Comeback in Kabul

Ein Behördengang bei den Taliban kann so aussehen: Als der 28-jährige Sajjad Sangar auf dem Bürgeramt in Kabul in der Schlange steht, um die biometrischen Aufnahmen für seinen neuen Pass zu machen, erschrickt er plötzlich. „Da führten die Taliban einen jungen Mann ab, und es hieß, er habe für den Geheimdienst der alten Regierung gearbeitet.“ Da habe er plötzlich Panik bekommen, sagt Sangar.

„Ich konnte mich kaum beherrschen vor Angst.“ Aber Sangar steht weiter an, bis er dran ist. Weil ein Pass Voraussetzung ist, um Afghanistan zu verlassen. Das haben die Taliban so festgelegt – ohne Pass kommt keiner raus. Aber ob Sangar mit seinem Pass woanders reinkommt, ist mehr als unklar. Weil das Dokument von den Taliban ausgestellt wurde, dürfte es an internationalen Grenzen kaum akzeptiert werden.

Jetzt bereitet die Bundesregierung Schritte vor, um Menschen wie Sangar zu helfen. Das Paradoxe: Auch die Taliban könnten davon profitieren. Nach Informationen von WELT AM SONNTAG scheint die Bundesregierung auf die Taliban zuzugehen, um sich mehr Handlungsmöglichkeiten im Land zu verschaffen. Dazu gehören Maßnahmen, die eine mögliche Rückkehr deutscher Diplomaten ins Land betreffen. Aber auch die Behandlung der Taliban als Terrororganisation durch deutsche Behörden wird offenbar überdacht. Damit könnte Berlin noch besser humanitäre Hilfe im Land leisten. Und es könnte Tausenden ehemaligen Ortskräften der Bundeswehr und deutscher Organisationen helfen, die das Land verlassen wollen – deren Pässe aber zum Teil nicht akzeptiert werden, weil sie von den Taliban ausgestellt sind.
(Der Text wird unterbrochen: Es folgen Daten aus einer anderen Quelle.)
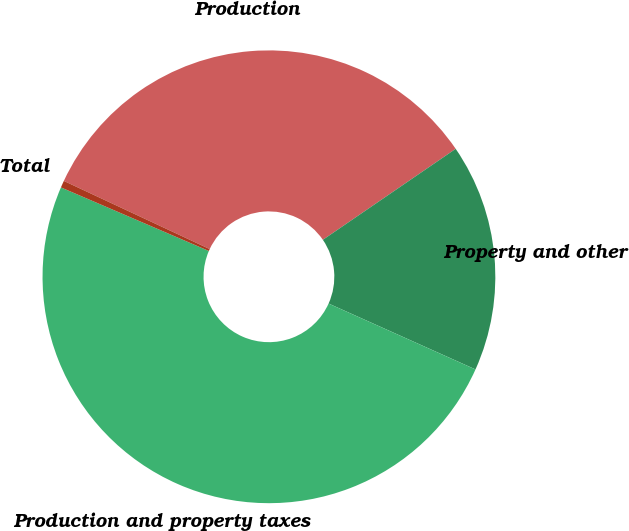<chart> <loc_0><loc_0><loc_500><loc_500><pie_chart><fcel>Production<fcel>Property and other<fcel>Production and property taxes<fcel>Total<nl><fcel>33.48%<fcel>16.27%<fcel>49.75%<fcel>0.5%<nl></chart> 
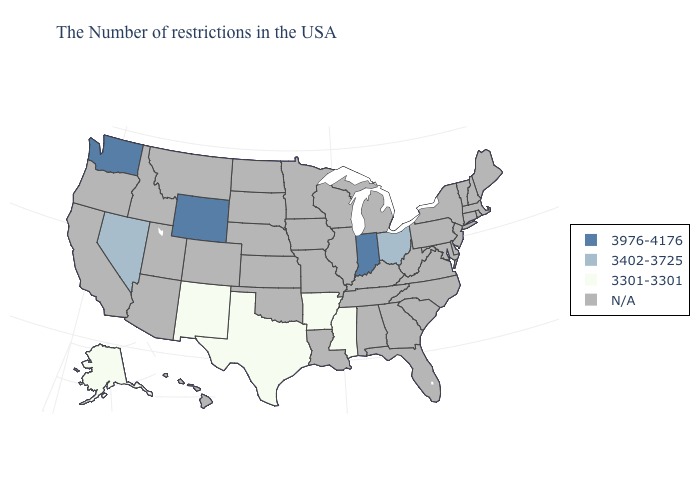What is the lowest value in the MidWest?
Answer briefly. 3402-3725. Name the states that have a value in the range 3402-3725?
Answer briefly. Ohio, Nevada. Name the states that have a value in the range 3402-3725?
Short answer required. Ohio, Nevada. Which states have the highest value in the USA?
Quick response, please. Indiana, Wyoming, Washington. What is the highest value in states that border Louisiana?
Be succinct. 3301-3301. Name the states that have a value in the range 3301-3301?
Concise answer only. Mississippi, Arkansas, Texas, New Mexico, Alaska. Does Washington have the highest value in the USA?
Answer briefly. Yes. What is the value of New York?
Keep it brief. N/A. What is the value of Idaho?
Answer briefly. N/A. What is the value of West Virginia?
Keep it brief. N/A. What is the lowest value in states that border Ohio?
Concise answer only. 3976-4176. What is the value of Arizona?
Write a very short answer. N/A.

Botschafter Markus Potzel soll nach Informationen aus Regierungskreisen innerhalb der nächsten Wochen erstmals wieder nach Afghanistan reisen. Dort soll er in Gesprächen mit den Taliban unter anderem Möglichkeiten erörtern, wie deutsche Diplomaten wieder im Land arbeiten können, zunächst mit Tagesreisen nach Afghanistan. Das Auswärtige Amt nahm auf Anfrage keine Stellung zu den Informationen. Sicher ist aber: Damit deutsche Diplomaten wieder in Afghanistan arbeiten könnten, müsste sich unter anderem die Sicherheitslage verbessern.